Lupin the Third: Part 5
by Rose Bridges,
How would you rate episode 12 of
Lupin the Third: Part 5 ?
Character-focus episodes are some of the most fun entries in the Lupin franchise, and Goemon's had some of the best. As probably the grumpiest member of Lupin's entourage, he makes a good straight-man to whatever shenanigans are unfolding around him. At the same time, his sense of honor and duty can make him uniquely vulnerable compared to characters like Jigen and Fujiko who have fewer moral scruples. It's probably the reason that he plays the role of the cavalry most of the time, sweeping in to take out the baddies while remaining less involved in heists otherwise. This episode riffs on all these elements of Goemon's character.
Goemon's traditional samurai costume and ethics stand out in modern-day settings, which has been a running theme throughout these "blue jacket" series set in Western Europe. So it's apt that this Goemon focus episode plops him down in the one place where he might blend in: a cosplay festival! Goemon is assumed to be cosplaying himself, which gives him a good cover for his mission to track down a priceless locket. While he isn't gawked at as much as usual, Goemon still attracts the curiosity of the festival-goers, especially a little boy dressed as a Naruto-style ninja. You can even catch him Naruto-running a few times. I was hoping he would become Goemon's sidekick, but he's just there to find him a room and help him get along with the locals. It was fun to see the way that these nerds reacted to Goemon, taking selfies with him and overall being awed by his eerily accurate "cosplay" and old-fashioned ways. The show got a chance to sneak in some nods to other anime series here, including one guy with a suspicious resemblance to Will Zeppeli from Jojo's Bizarre Adventure.
Chloé turns out to be running the local bistro, which is owned by her family.
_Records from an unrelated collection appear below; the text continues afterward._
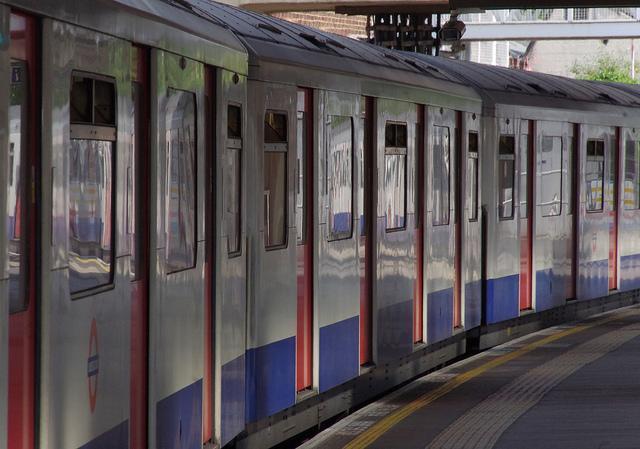How many windows are open?
Give a very brief answer. 7. 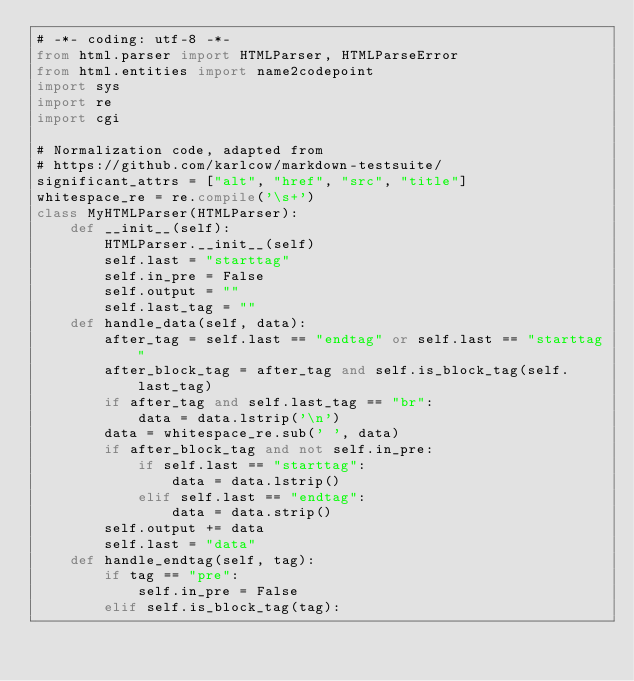<code> <loc_0><loc_0><loc_500><loc_500><_Python_># -*- coding: utf-8 -*-
from html.parser import HTMLParser, HTMLParseError
from html.entities import name2codepoint
import sys
import re
import cgi

# Normalization code, adapted from
# https://github.com/karlcow/markdown-testsuite/
significant_attrs = ["alt", "href", "src", "title"]
whitespace_re = re.compile('\s+')
class MyHTMLParser(HTMLParser):
    def __init__(self):
        HTMLParser.__init__(self)
        self.last = "starttag"
        self.in_pre = False
        self.output = ""
        self.last_tag = ""
    def handle_data(self, data):
        after_tag = self.last == "endtag" or self.last == "starttag"
        after_block_tag = after_tag and self.is_block_tag(self.last_tag)
        if after_tag and self.last_tag == "br":
            data = data.lstrip('\n')
        data = whitespace_re.sub(' ', data)
        if after_block_tag and not self.in_pre:
            if self.last == "starttag":
                data = data.lstrip()
            elif self.last == "endtag":
                data = data.strip()
        self.output += data
        self.last = "data"
    def handle_endtag(self, tag):
        if tag == "pre":
            self.in_pre = False
        elif self.is_block_tag(tag):</code>

It doesn't take Goemon long to find her, which is probably why she's also beset by a group of thugs. Chloé's mysterious locket, given to her by a wealthy Belgian friend, houses a priceless jewel with a heavy history. Russian nobles commissioned it in the wake of the Russian Revolution, and now its original owners' descendants want it back. Rather than steal it—the way Goemon and Lupin plan to—they hired mercenaries to "take care of" Chloé by any means necessary. Goemon gets a little too caught up in Chloé's world to see the mission through by the end, which complicates it when he learns that she isn't who she says she is, pitting him against Lupin who seeks to nab the jewel no matter what.
It was a little weird to have Goemon "turn against" Lupin, but it might be a reference to some earlier versions of the series. Goemon is introduced in the manga as Lupin's enemy, and ends up as his adversary at one point in the original "Green Jacket" anime (Lupin the Third: Part I). Plus Goemon doesn't really understand Lupin's obsession with women and becomes frequently annoyed by it, so it makes sense that falling for a girl himself might put him at his wit's end. He also has a thing for wanting to protect and act "honorably" toward women, which crops up in his initial encounters with Fujiko in Lupin III: The Woman Called Fujiko Mine. I figure that Goemon knew Lupin would survive his attacks, and they reconcile at the end when they figure out that the locket is a fake anyway, and Chloé is really named Inés; her mother is the real Chloé, and she (and the fake jewel) are a decoy. I found this twist a little flimsy—the thugs have her mother's photo, so presumably they'd know the daughter isn't the one they're after—but whatever, this show has had sillier twists.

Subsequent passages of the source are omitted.